🤖 AI Summary
This work addresses the long-standing activity–stability trade-off in covalent organic frameworks (COFs) for photocatalytic hydrogen evolution, primarily caused by the hydrolytic lability of imine linkages. To overcome this challenge, we propose an inverse design strategy leveraging Ara, a large language model (LLM)-based agent endowed with chemical reasoning capabilities. Ara integrates chemical priors and multi-objective screening criteria—including GFN1-xTB fragment-based computations, donor–acceptor theory, conjugation effects, and hierarchical bond stability assessments—to enable efficient and interpretable COF structure discovery. Compared to random search and Bayesian optimization, Ara achieves an 11.5-fold increase in hit rate (reaching 52.7%) and identifies its first high-performing candidate as early as the 12th iteration. This study represents the first application of a chemically reasoning LLM agent to multi-objective inverse design of COFs, successfully yielding materials that concurrently exhibit high photocatalytic activity and hydrolytic stability.
📝 Abstract
Covalent organic frameworks (COFs) are promising photocatalysts for solar hydrogen production, yet the most electronically favorable linkages, imines, hydrolyze rapidly in water, creating a stability--activity trade-off that limits practical deployment. Navigating the combinatorial design space of nodes, linkers, linkages, and functional groups to identify candidates that are simultaneously active and durable remains a formidable challenge. Here we introduce Ara, a large-language-model (LLM) agent that leverages pretrained chemical knowledge, donor--acceptor theory, conjugation effects, and linkage stability hierarchies, to guide the search for photocatalytic COFs satisfying joint band-gap, band-edge, and hydrolytic-stability criteria. Evaluated against random search and Bayesian optimization (BO) over a space consisting of candidates with various nodes, linkers, linkages, and r-groups, screened with a GFN1-xTB fragment pipeline, Ara achieves a 52.7\% hit rate (11.5$\times$ random, p = 0.006), finds its first hit at iteration 12 versus 25 for random search, and significantly outperforms BO (p = 0.006).
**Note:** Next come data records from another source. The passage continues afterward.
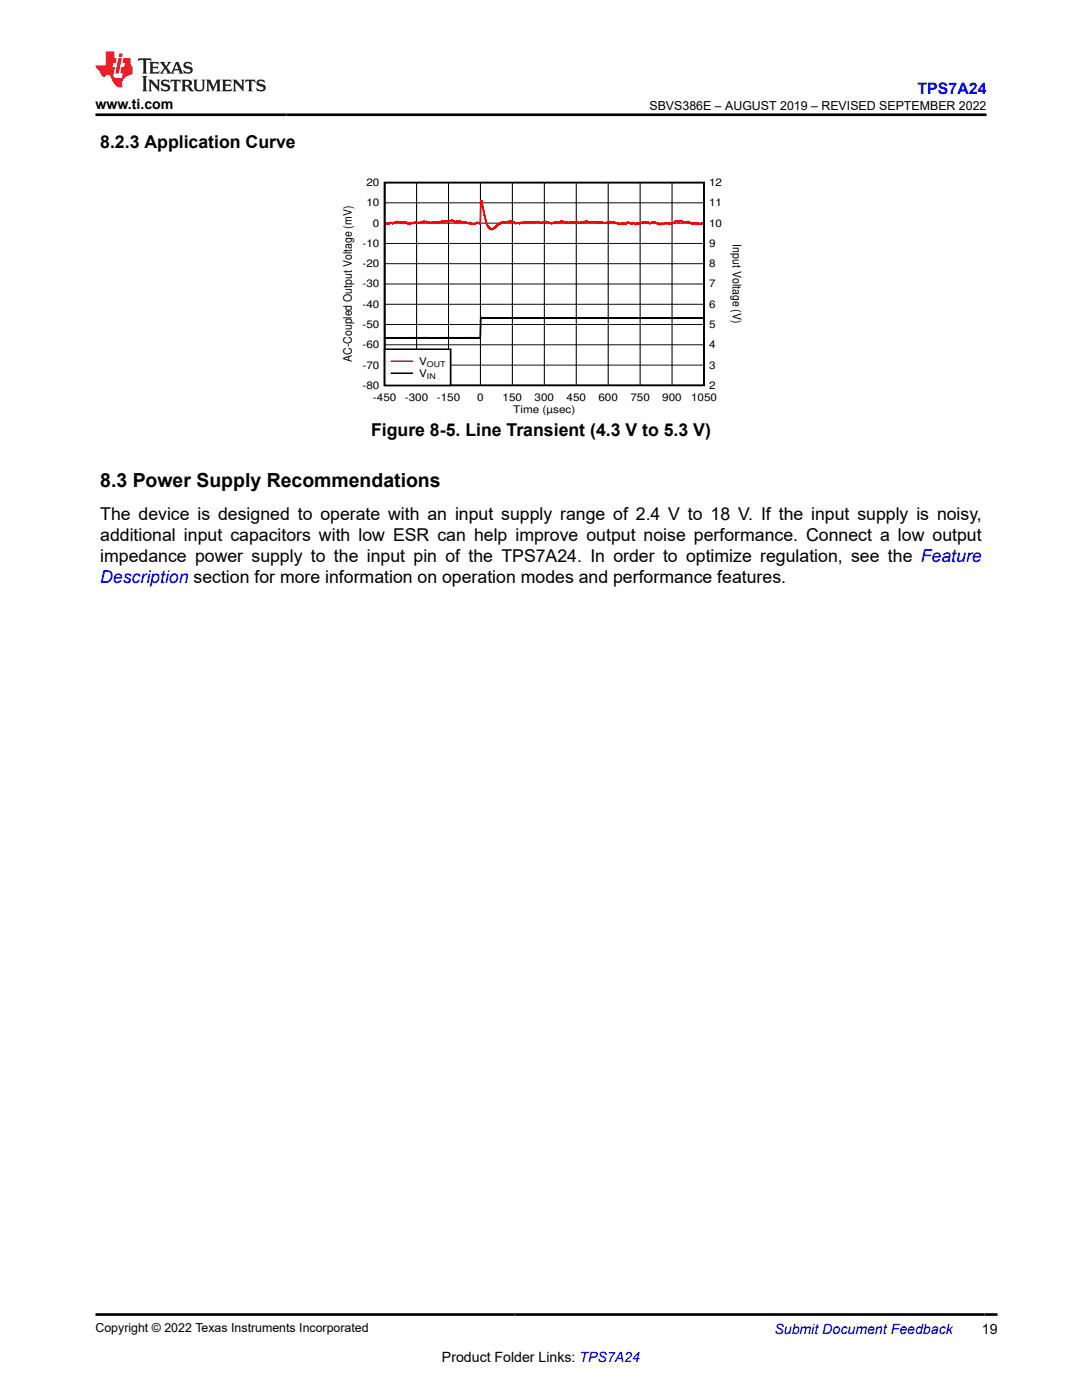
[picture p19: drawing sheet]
<svg xmlns="http://www.w3.org/2000/svg" width="216mm" height="279mm" viewBox="0 0 216 279" stroke-linecap="round" stroke-linejoin="round" font-family="sans-serif">
<defs><g id="words">
<text font-size="3.9" x="20" y="97.3">8.3 Power Supply Recommendations</text>
<g font-size="3.5">
<text x="20" y="29.6">8.2.3 Application Curve</text>
<text x="74" y="87.1">Figure 8-5. Line Transient (4.3 V to 5.3 V)</text>
<text x="20" y="103.7">The device is designed to operate with an input supply range of 2.4 V to 18 V. If the input supply is noisy,</text>
<text x="20" y="108">additional input capacitors with low ESR can help improve output noise performance. Connect a low output</text>
<text x="20" y="112.2">impedance power supply to the input pin of the TPS7A24. In order to optimize regulation, see the Feature</text>
</g>
<text font-size="3.5" fill="#00f" x="20" y="116.4">Description section for more information on operation modes and performance features.</text>
<text font-size="3.2" fill="#00f" x="183.1" y="18.7">TPS7A24</text>
<g font-size="2.8">
<text x="19.1" y="21.8">www.ti.com</text>
<text x="195.9" y="266.1">19</text>
<text x="88.2" y="271.7">Product Folder Links: TPS7A24</text>
</g>
<text font-size="2.8" fill="#00f" x="154.5" y="266.2">Submit Document Feedback</text>
<g font-size="2.5">
<text x="129.6" y="21.9">SBVS386E – AUGUST 2019 – REVISED SEPTEMBER 2022</text>
<text x="19" y="265.9">Copyright © 2022 Texas Instruments Incorporated</text>
</g>
<g font-size="2.3">
<text x="146.3" y="48.8" transform="rotate(90 146.3 48.8)">Input Voltage (V)</text>
<text x="70.2" y="72.2" transform="rotate(-90 70.2 72.2)">AC-Coupled Output Voltage (mV)</text>
</g>
<g font-size="2.1">
<text x="73.1" y="41.2">10</text>
<text x="73.1" y="37.1">20</text>
<text x="141.5" y="41.2">11</text>
<text x="141.5" y="37.1">12</text>
<text x="74.4" y="45.2">0</text>
<text x="141.5" y="45.2">10</text>
<text x="72.4" y="53.3">-20</text>
<text x="72.4" y="49.3">-10</text>
<text x="141.5" y="53.3">8</text>
<text x="141.5" y="49.3">9</text>
<text x="72.4" y="57.4">-30</text>
<text x="141.5" y="57.4">7</text>
<text x="72.4" y="65.5">-50</text>
<text x="72.4" y="61.4">-40</text>
<text x="141.5" y="65.5">5</text>
<text x="141.5" y="61.4">6</text>
<text x="72.4" y="69.5">-60</text>
<text x="141.5" y="69.5">4</text>
<text x="72.4" y="73.6">-70</text>
<text x="72.4" y="77.6">-80</text>
<text x="83.6" y="72.8">V</text>
<text x="83.6" y="75.2">V</text>
<text x="141.5" y="73.6">3</text>
<text x="141.5" y="77.6">2</text>
<text x="74.4" y="80">-450</text>
<text x="80.8" y="80">-300</text>
<text x="87.2" y="80">-150</text>
<text x="95.2" y="80">0</text>
<text x="100.3" y="80">150</text>
<text x="102.4" y="82.4">Time (µsec)</text>
<text x="106.7" y="80">300</text>
<text x="113" y="80">450</text>
<text x="119.4" y="80">600</text>
<text x="125.8" y="80">750</text>
<text x="132.2" y="80">900</text>
<text x="137.9" y="80">1050</text>
</g>
<g font-size="1.6">
<text x="85.2" y="73.2">OUT</text>
<text x="85.2" y="75.6">IN</text>
</g>
</g></defs>
<path d="M76.8 36.4h63.7v40.5h-63.7zM140.3 63.4h-44.2v.1l-.1-.1v.1v-.2l-.3 4.1h-18.8" fill="none" stroke="#000" stroke-width=".32"/>
<g fill="none" stroke="#000" stroke-width=".2">
<path d="M83.1 36.4v40.5M89.5 36.4v40.5M95.9 36.4v40.5M102.2 36.4v40.5M108.6 36.4v40.5M115 36.4v40.5M121.4 36.4v40.5M127.7 36.4v40.5M134.1 36.4v40.5M76.8 56.7h63.7M76.8 52.6h63.7M76.8 48.6h63.7"/>
<path d="M76.8 44.5h63.7M76.8 40.5h63.7M76.8 72.9h63.7M76.8 68.8h63.7M76.8 64.8h63.7M76.8 60.7h63.7"/>
</g>
<path d="M140.3 44.5v.1l-.2-.1-.1 .2-.2-.1-.3 .2v-.2l-.2 .1v-.2l-.3 .2-.1-.2-.6 .2-.1-.2-.2 .2-.1-.2-.2-.1-.1 .1v-.1h-.2l-.1-.2-.2 .2-.1-.2-.6 .2-.6-.4-.3 .3v-.1l-.2 .1v-.2l-.2 .1v-.1l-.2 .1-.1-.1-.2 .4v-.2l-.1 .2-.1-.1-.1 .2v-.1l-.3 .2-.2-.1-.2 .2-.1-.3-.1 .1-.1-.1v.1l-.2-.2-.1 .2-.1-.1v.1l-.2-.1-.2 .2-.3-.1-.1 .2-.2-.1-.1 .1-.4-.2-.2 .2v-.3l-.3 .1-.1-.2-.3 .1-.2-.2-.1 .1v-.1l-.5 .3-.4-.2-.2 .1-.1-.2v.1l-.3-.1-.1 .2-.2-.2-.1 .2-.3-.1v.2l-.2-.1-.3 .2-.3-.1-.1 .2-.1-.2v.1l-.1-.1-.1 .2v-.2l-.4-.2-.1 .3-.1-.2-.1 .2-.2-.2-.1 .2-.4-.3-.4 .2-.1 .2-.2-.2-.1 .1-.2-.1-.1 .1v-.1l-.1 .1v-.2l-.1 .2-.1-.1-.3 .1-.2-.1-.1 .1-.3-.2-.1 .1-.2-.2-.5-.1-.2 .1-.2-.2-.2 .2-.5-.1-.2 .3-.1-.2-.1 .2-.4-.1-.2-.2-.1 .2v-.2l-.2 .2v-.2l-.2 .2-.1-.2h-.2l-.1 .3v-.3l-.2 .2-.2-.3-.1 .2-.5-.1-.1 .1-.1-.2-.1 .2-.3-.1v.1l-.1-.1-.2 .1-.2-.2-.1 .1-.3-.2-.3 .4-.4-.3-.1 .2-.1-.1-.1 .2h-.3l-.1-.1-.1 .1v-.2l-.1 .2-.2-.2-.1 .2-.2-.2v.2l-.6-.1-.1 .2-.4-.3-.2 .2-.2-.1-.2 .1v-.2l-.1 .1-.2-.2-.1 .2-.3-.2h-.1l-.2-.1-.3 .3-.6-.1-.2 .2-.3-.1-.5 .2-.2-.1-.1 .1-.2-.2v.1l-.1-.1v.2l-.1-.3-.3 .1-.2-.2-.4 .2h-.4l-.1 .2-.2-.2v.2l-.2-.3v.1l-.1-.2-.1 .1-.1-.1v.2l-.5-.2-.2 .3v-.2l-.2 .2-.4-.3-.2 .2-.1-.1-.1 .1-.2-.2v.3l-.3-.2-.4 .1-.1-.1v.2l-.2-.1-.3 .1-.1-.1-.4 .3-.1-.3-.1 .2-.1-.2-.2 .2-.1-.1-.1 .1-.4-.3-.3 .1-.4-.3v.1h-.1l-.1 .1-.1-.1-.1 .2-.1-.2-.1 .2-.2-.1-.3 .2-.1-.2-.3 .2-.1-.3-.1 .3h-.2l-.1 .1v-.1l-.2 .3-.1-.1-.1 .2v-.1l-.3 .2-.4 .5-.1-.1-.2 .3-.1-.1v.2l-.1-.2-.1 .2-.3-.2v.1l-.7-1.1-1.1-4.5-.3 4.6v-.3l-.3 .2-.1-.2-.2 .2-.1-.2-.1 .3-.1-.1-.4 .2-.1-.2-.1 .2-.2-.3-.1 .1h-.1v.1l-.1-.3v.2l-.3-.1-.1 .1v-.2l-.2 .1-.3-.2-.1 .1-.4-.2-.2 .2-.3-.3-.1 .2-.1-.1-.4 .1v-.2l-.2 .2v-.1l-.3 .1-.2-.1-.1-.2-.2 .1v-.1l-.1 .2-.1-.2-.1 .2-.1-.2-.3 .3v-.2l-.2 .2-.1-.3-.3 .3-.1-.2-.2 .1-.2-.1-.1 .2-.1-.2-.2 .3-.1-.2-.2 .1v.2l-.2-.2-.2 .2-.1-.2-.1 .2v-.2l-.1 .1-.2-.1-.2 .2-.1-.1-.2 .1-.1-.2v.2l-.2-.1-.3 .2-.1-.3-.1 .1-.1-.1-.2 .1-.1-.2-.2 .1-.2-.1v.1l-.3-.1v.1h-.3v.2l-.2-.1-.1 .2-.1-.2-.1 .1-.2-.1-.3 .2-.3-.2-.4 .2-.4-.1-.1-.1-.2 .3-.1-.2-.2 .2v-.3l-.4 .1v-.2l-.1 .2-.2-.2v.1l-.2-.1-.1 .2-.1-.2-.3 .2-.2-.2-.5-.1-.1 .3-.1-.2-.2 .2v-.2l-.1 .2-.3-.1-.1 .3-.1-.3v.2l-.2-.2-.1 .1-.1-.1-.3 .3v-.2v.1h-.2l-.1 .1-.2-.1-.2 .2" fill="none" stroke="#f00" stroke-width=".32"/>
<path d="M76.8 69.7h13.1v7.2h-13.1z" fill-rule="evenodd" fill="#fff"/>
<path d="M76.8 69.7h13.1v7.2h-13.1zM78.1 74.5h4.2" fill="none" stroke="#000" stroke-width=".32"/>
<path d="M78.1 72.1h4.2" fill="none" stroke="#f00" stroke-width=".32"/>
<path d="M27.7 11.6l-.2 .6 .5-.2h.6v.1v2.2l-.2 .4h1l-.2-.4v-2.2v-.1h.5l.5 .2-.1-.6zM29.8 12.4l.2 .3v1.6l-.2 .4h1.9l.1-.6a1.08 1.08 0 0 1-1.3 .2v-.7h.6l.4 .2v-.7l-.4 .2h-.6v-.5l.2-.2a1 1 0 0 1 1 .3l-.1-.5zM31.8 12.4l1 1.1-1 1.2h.9l-.2-.2 .4-.8 .5 .8-.2 .2h1.6l-.2-.2 .1-.5h1l.1 .5-.1 .2h.9l-.2-.4-.8-1.9h-.5l-1 2.1-.8-1.1 .9-1h-.8l.2 .2-.5 .6-.3-.6 .1-.2zM35.2 12.8l.4 1h-.8zM36.8 12.5a.65 .65 0 0 0-.2 .7 .65 .65 0 0 0 .6 .5l.7 .1 .1 .3a.79 .79 0 0 1-.7 .4 .79 .79 0 0 1-.7-.5l.1 .7 .2-.1a.93 .93 0 0 0 1.1 0 .93 .93 0 0 0 .4-.9 1.46 1.46 0 0 0-1.2-.6l-.1-.3a1.09 1.09 0 0 1 1.2 .2l-.2-.6-.1 .1-.6-.2zM28.4 15.2l.2 .4v2.2l-.2 .4h1l-.2-.4v-2.2l.2-.4zM29.6 15.9l.2 .4v1.5l-.2 .4h.8l-.3-.4v-1.3l1.7 1.8v-2l.2-.4h-.8l.2 .2 .1 1.1-1.2-1.3zM32.3 16a.65 .65 0 0 0-.2 .8 .65 .65 0 0 0 .7 .4l.6 .2 .1 .2a.79 .79 0 0 1-.7 .4 .79 .79 0 0 1-.7-.5l.1 .7 .2-.1a.93 .93 0 0 0 1.1 .1 .93 .93 0 0 0 .4-1 1.46 1.46 0 0 0-1.2-.5l-.1-.4a1.09 1.09 0 0 1 1.2 .2l-.2-.6-.1 .1-.6-.1zM34.1 15.9l-.1 .6a.63 .63 0 0 1 .7-.3l.1 1.6-.3 .4h1l-.2-.4v-1.6a.66 .66 0 0 1 .8 .3l-.1-.6zM36.2 15.9l.2 .4v1.5l-.2 .4h.9l-.2-.2v-.7h.5l.1 .2a.79 .79 0 0 0 1.2 .6l-1-.9a.61 .61 0 0 0 .6-.6 .61 .61 0 0 0-.5-.7zM36.9 16.2h.2a.47 .47 0 0 1 .5 .1 .47 .47 0 0 1 .1 .5l-.2 .1-.6 .1zM38.5 15.9l.2 .2a2.27 2.27 0 0 0 .4 2 1.04 1.04 0 0 0 1.7-.7v-1.3l.2-.2h-.8l.2 .4v1.1a.6 .6 0 0 1-.6 .6 .6 .6 0 0 1-.6-.6v-1.1l.3-.4zM41.1 15.9l.2 .4v1.5l-.2 .4h.7l-.2-.4v-1.4l.9 1.9 .8-1.9v1.4l-.2 .4h1l-.3-.4v-1.5l.3-.4h-.8l-.7 1.5-.7-1.5zM44.3 15.9l.2 .4v1.5l-.2 .4h1.9l.1-.6a1.09 1.09 0 0 1-1.3 .2v-.7h.6l.4 .2v-.6l-.4 .2h-.6v-.6l.2-.1a1.01 1.01 0 0 1 1 .3l-.1-.6zM46.4 15.9l.3 .4v1.5l-.3 .4h.8l-.2-.4v-1.3l1.6 1.8v-2l.2-.4h-.7l.2 .2v1.1l-1.2-1.3zM49 15.9l-.1 .6a.63 .63 0 0 1 .8-.3v1.6l-.3 .4h1l-.2-.4v-1.6a.66 .66 0 0 1 .8 .3l-.1-.6zM51.4 16a.65 .65 0 0 0-.2 .8 .65 .65 0 0 0 .6 .4l.6 .2 .2 .2a.79 .79 0 0 1-.8 .4 .79 .79 0 0 1-.6-.5l.1 .7 .2-.1a.93 .93 0 0 0 1 .1 .93 .93 0 0 0 .5-1 1.46 1.46 0 0 0-1.3-.5l-.1-.4a1.09 1.09 0 0 1 1.3 .2l-.2-.6-.2 .1-.5-.1z" fill="#231f20"/>
<path d="M21.1 10.3v2.7h-2.1l.1 .4 .9 1a.95 .95 0 0 0 .9 .9 .59 .59 0 0 1 .6-.4 .59 .59 0 0 1 .5 .3l.4 .8a1.59 1.59 0 0 0 2.1 1.4 1.61 1.61 0 0 1 1-2.3l1-.3-.1-1.5a1.59 1.59 0 0 1-.4-1.7h-1.4l-.2 .9h.5l-.1 .9h-.5l-.2 .9v.3l.4 .1-.2 .9h-.6a.73 .73 0 0 1-1.1-.7l.3-1.5h-.5l.2-.9h.5l.2-.9h-.5v-1.3zM23.6 11.6l-.6 3.1h.7l.6-3.1zM23.8 10.7l-.1 .6h.7l.1-.6z" fill="#ed1c24"/>
<path d="M19 22.9h177.8M19.1 262.3h179.9" fill="none" stroke="#000" stroke-width=".53"/>
<use href="#words"/>
</svg>

Inspection of the agent's reasoning traces reveals interpretable chemical logic: early convergence on vinylene and beta-ketoenamine linkages for stability, node selection informed by electron-withdrawing character, and systematic R-group optimization to center the band gap at 2.0 eV. Exhaustive evaluation of the full search space uncovers a complementary exploitation--exploration trade-off between the agent and BO, suggesting that hybrid strategies may combine the strengths of both approaches. These results demonstrate that LLM chemical priors can substantially accelerate multi-criteria materials discovery.